Minister for Health and Solidarity
- In office 5 April 2011 – 17 May 2013
- President: Oscar Temaru
- Succeeded by: Béatrice Chansin (health) Gaston Flosse (solidarity)
- In office 20 September 2007 – 23 February 2008
- Preceded by: Jules Ienfa
- In office 1982–1986

Member of the French Polynesian Assembly for Windward Isles
- In office 23 May 1982 – 15 March 1986

Personal details
- Born: 1 January 1947 (age 79) Papeete, French Polynesia
- Party: Tahoera'a Huiraatira

= Charles Tetaria =

French Polynesian athlete, medical doctor, and politician

Charles Tetaria (born 1 January 1947) is a French Polynesian athlete, medical doctor, politician, and former Cabinet Minister. He has represented France at the South Pacific Games. He is an advocate for the Tahitian language and a member of the Tahitian Academy.

Tetaria was born in Papeete, but moved to France at the age of 15 to pursue his athletic career. He competed in the 1963 South Pacific Games in Suva, winning gold in the 110m hurdles and bronze in the long jump. At the 1966 South Pacific Games in Nouméa, New Caledonia, winning gold in the long jump, silver in the 110m hurdles, and bronze in the 4 × 100 m relay. At the 1969 South Pacific Games in Port Moresby, he won silver in the 110m hurdles and bronze in the decathlon. At the 1971 South Pacific Games in Pirae he won gold in the decathlon and 4 × 100 m relay, and bronze in the 110m hurdles.

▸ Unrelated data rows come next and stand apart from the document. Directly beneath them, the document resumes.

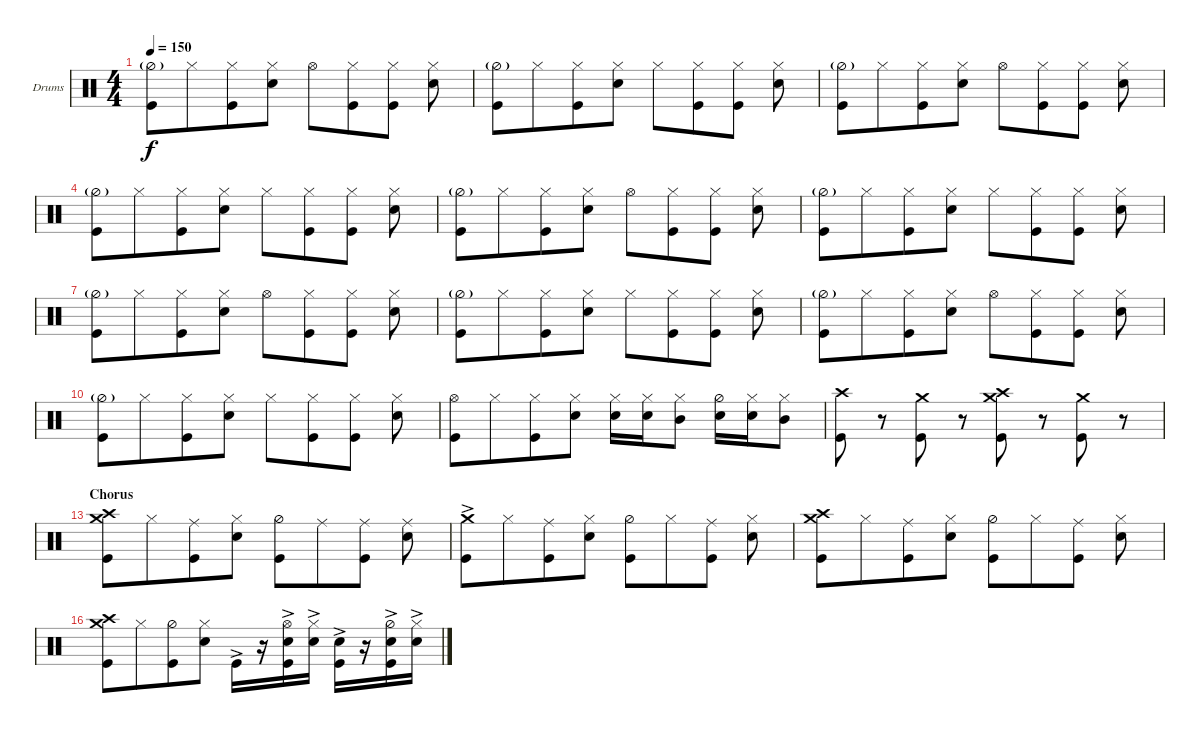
\defaultSystemsLayout 4
\bracketExtendMode nobrackets
\firstSystemTrackNameOrientation horizontal
\otherSystemsTrackNameOrientation horizontal
\defaultBarNumberDisplay FirstOfSystem
\track ("Drum" "Drums") {instrument percussion}
\staff {score}
\articulation defaults
\ts (4 4)
\scale
0.305556
\tempo 150
\accidentals auto
\clef neutral
\ottava regular
\simile none
\scale
0.25
\ks c
("Hi-Hat (half)"{g} "Kick (hit)").8{dy f} "Hi-Hat (closed)".8{beam merge} ("Kick (hit)" "Hi-Hat (closed)").8 ("Snare (hit) 2" "Hi-Hat (closed)").8 "Hi-Hat (open)".8 ("Hi-Hat (closed)" "Kick (hit)").8{beam merge} ("Kick (hit)" "Hi-Hat (closed)").8{beam split} ("Snare (hit) 2" "Hi-Hat (closed)").8 |
\scale
0.254158
\scale
0.25 ("Hi-Hat (half)"{g} "Kick (hit)").8 "Hi-Hat (closed)".8{beam merge} ("Kick (hit)" "Hi-Hat (closed)").8 ("Snare (hit) 2" "Hi-Hat (closed)").8 "Hi-Hat (closed)".8 ("Hi-Hat (closed)" "Kick (hit)").8{beam merge} ("Kick (hit)" "Hi-Hat (closed)").8{beam split} ("Snare (hit) 2" "Hi-Hat (closed)").8 |
\scale
0.246104
\scale
0.25 ("Hi-Hat (half)"{g} "Kick (hit)").8 "Hi-Hat (closed)".8{beam merge} ("Kick (hit)" "Hi-Hat (closed)").8 ("Snare (hit) 2" "Hi-Hat (closed)").8 "Hi-Hat (open)".8 ("Kick (hit)" "Hi-Hat (closed)").8{beam merge} ("Kick (hit)" "Hi-Hat (closed)").8{beam split} ("Snare (hit) 2" "Hi-Hat (closed)").8 |
\scale
0.194444
\scale
0.25 ("Kick (hit)" "Hi-Hat (half)"{g}).8 "Hi-Hat (closed)".8{beam merge} ("Kick (hit)" "Hi-Hat (closed)").8 ("Snare (hit) 2" "Hi-Hat (closed)").8 "Hi-Hat (closed)".8 ("Kick (hit)" "Hi-Hat (closed)").8{beam merge} ("Kick (hit)" "Hi-Hat (closed)").8{beam split} ("Snare (hit) 2" "Hi-Hat (closed)").8 |
\scale
0.25 ("Hi-Hat (half)"{g} "Kick (hit)").8 "Hi-Hat (closed)".8{beam merge} ("Kick (hit)" "Hi-Hat (closed)").8 ("Snare (hit) 2" "Hi-Hat (closed)").8 "Hi-Hat (open)".8 ("Hi-Hat (closed)" "Kick (hit)").8{beam merge} ("Kick (hit)" "Hi-Hat (closed)").8{beam split} ("Snare (hit) 2" "Hi-Hat (closed)").8 |
\scale
0.25 ("Hi-Hat (half)"{g} "Kick (hit)").8 "Hi-Hat (closed)".8{beam merge} ("Kick (hit)" "Hi-Hat (closed)").8 ("Snare (hit) 2" "Hi-Hat (closed)").8 "Hi-Hat (closed)".8 ("Hi-Hat (closed)" "Kick (hit)").8{beam merge} ("Kick (hit)" "Hi-Hat (closed)").8{beam split} ("Snare (hit) 2" "Hi-Hat (closed)").8 |
\scale
0.25 ("Hi-Hat (half)"{g} "Kick (hit)").8 "Hi-Hat (closed)".8{beam merge} ("Kick (hit)" "Hi-Hat (closed)").8 ("Snare (hit) 2" "Hi-Hat (closed)").8 "Hi-Hat (open)".8 ("Kick (hit)" "Hi-Hat (closed)").8{beam merge} ("Kick (hit)" "Hi-Hat (closed)").8{beam split} ("Snare (hit) 2" "Hi-Hat (closed)").8 |
\scale
0.25 ("Kick (hit)" "Hi-Hat (half)"{g}).8 "Hi-Hat (closed)".8{beam merge} ("Kick (hit)" "Hi-Hat (closed)").8 ("Snare (hit) 2" "Hi-Hat (closed)").8 "Hi-Hat (closed)".8 ("Kick (hit)" "Hi-Hat (closed)").8{beam merge} ("Kick (hit)" "Hi-Hat (closed)").8{beam split} ("Snare (hit) 2" "Hi-Hat (closed)").8 |
\scale
0.213068 ("Hi-Hat (half)"{g} "Kick (hit)").8 "Hi-Hat (closed)".8{beam merge} ("Kick (hit)" "Hi-Hat (closed)").8 ("Snare (hit) 2" "Hi-Hat (closed)").8 "Hi-Hat (open)".8 ("Hi-Hat (closed)" "Kick (hit)").8{beam merge} ("Kick (hit)" "Hi-Hat (closed)").8{beam split} ("Snare (hit) 2" "Hi-Hat (closed)").8 |
\scale
0.213068 ("Hi-Hat (half)"{g} "Kick (hit)").8 "Hi-Hat (closed)".8{beam merge} ("Kick (hit)" "Hi-Hat (closed)").8 ("Snare (hit) 2" "Hi-Hat (closed)").8 "Hi-Hat (closed)".8 ("Hi-Hat (closed)" "Kick (hit)").8{beam merge} ("Kick (hit)" "Hi-Hat (closed)").8{beam split} ("Snare (hit) 2" "Hi-Hat (closed)").8 |
\scale
0.346591 ("Kick (hit)" "Hi-Hat (open)").8 "Hi-Hat (closed)".8{beam merge} ("Kick (hit)" "Hi-Hat (closed)").8 ("Snare (hit) 2" "Hi-Hat (closed)").8 ("Snare (hit) 2" "Hi-Hat (closed)").16 ("Hi-Hat (closed)" "Snare (hit) 2").16 ("Hi-Hat (closed)" "Mid Tom (hit)").8 ("Snare (hit) 2" "Hi-Hat (half)").16 ("Hi-Hat (closed)" "Snare (hit) 2").16 ("Hi-Hat (closed)" "Mid Tom (hit)").8 |
\scale
0.227273 ("Crash high (hit)" "Kick (hit)").8 r.8 ("Kick (hit)" "Crash medium (hit)").8 r.8 ("Kick (hit)" "Crash medium (hit)" "Crash high (hit)").8 r.8 ("Kick (hit)" "Crash medium (hit)").8 r.8 |
\section ("" "Chorus")
\scale
0.232919 ("Kick (hit)" "Crash medium (hit)" "Crash high (hit)").8 "Hi-Hat (closed)".8{beam merge} ("Kick (hit)" "Ride (middle)").8 ("Snare (hit) 2" "Hi-Hat (closed)").8 ("Hi-Hat (half)" "Kick (hit)").8 "Ride (middle)".8{beam merge} ("Kick (hit)" "Ride (middle)").8{beam split} ("Snare (hit) 2" "Ride (middle)").8 |
\scale
0.232919 ("Kick (hit)" "Crash medium (hit)"{ac}).8 "Hi-Hat (closed)".8{beam merge} ("Kick (hit)" "Ride (middle)").8 ("Snare (hit) 2" "Hi-Hat (closed)").8 ("Hi-Hat (half)" "Kick (hit)").8 "Hi-Hat (closed)".8{beam merge} ("Kick (hit)" "Ride (middle)").8{beam split} ("Snare (hit) 2" "Hi-Hat (closed)").8 |
\scale
0.273528 ("Kick (hit)" "Crash high (hit)" "Crash medium (hit)").8 "Hi-Hat (closed)".8{beam merge} ("Kick (hit)" "Ride (middle)").8 ("Snare (hit) 2" "Hi-Hat (closed)").8 ("Hi-Hat (half)" "Kick (hit)").8 "Hi-Hat (closed)".8{beam merge} ("Kick (hit)" "Ride (middle)").8{beam split} ("Snare (hit) 2" "Hi-Hat (closed)").8 |
\scale
0.26255 ("Kick (hit)" "Crash high (hit)" "Crash medium (hit)").8 "Hi-Hat (closed)".8{beam merge} ("Kick (hit)" "Hi-Hat (half)").8 ("Snare (hit) 2" "Hi-Hat (closed)").8 "Kick (hit)"{ac}.16 r.16 ("Snare (hit) 2"{ac} "Kick (hit)"{ac} "Hi-Hat (open)").16 ("Snare (hit) 2"{ac} "Hi-Hat (closed)").16 ("Snare (hit) 2" "Kick (hit)"{ac}).16 r.16 ("Kick (hit)"{ac} "Snare (hit) 2"{ac} "Hi-Hat (half)").16 ("Snare (hit) 2"{ac} "Hi-Hat (closed)").16

After training as a medical doctor, he returned to French Polynesia in 1976. He worked in a blood transfusion centre and medical laboratories, and as a volunteer for the Olympic Committee of French Polynesia.

He was elected to the Assembly of French Polynesia as a Tahoera'a Huiraatira candidate at the 1982 French Polynesian legislative election and appointed Minister of Health and Social Affairs.

In November 2006 he was appointed Minister of Health again in the government of Oscar Temaru, following the resignation of Pia Hiro. He held the position until the Temaru government was toppled in December. He was reappointed with Temaru's other cabinet ministers in September 2007, holding office until February 2008. When Temaru returned as president following a confidence vote in April 2011 he was appointed Minister of Health and Solidarity. He lost the position following the 2013 election.

In June 2017, he was appointed to the Tahitian Academy, replacing Patua Coulin.

In June 2019, he was appointed a Knight of the Order of Tahiti Nui.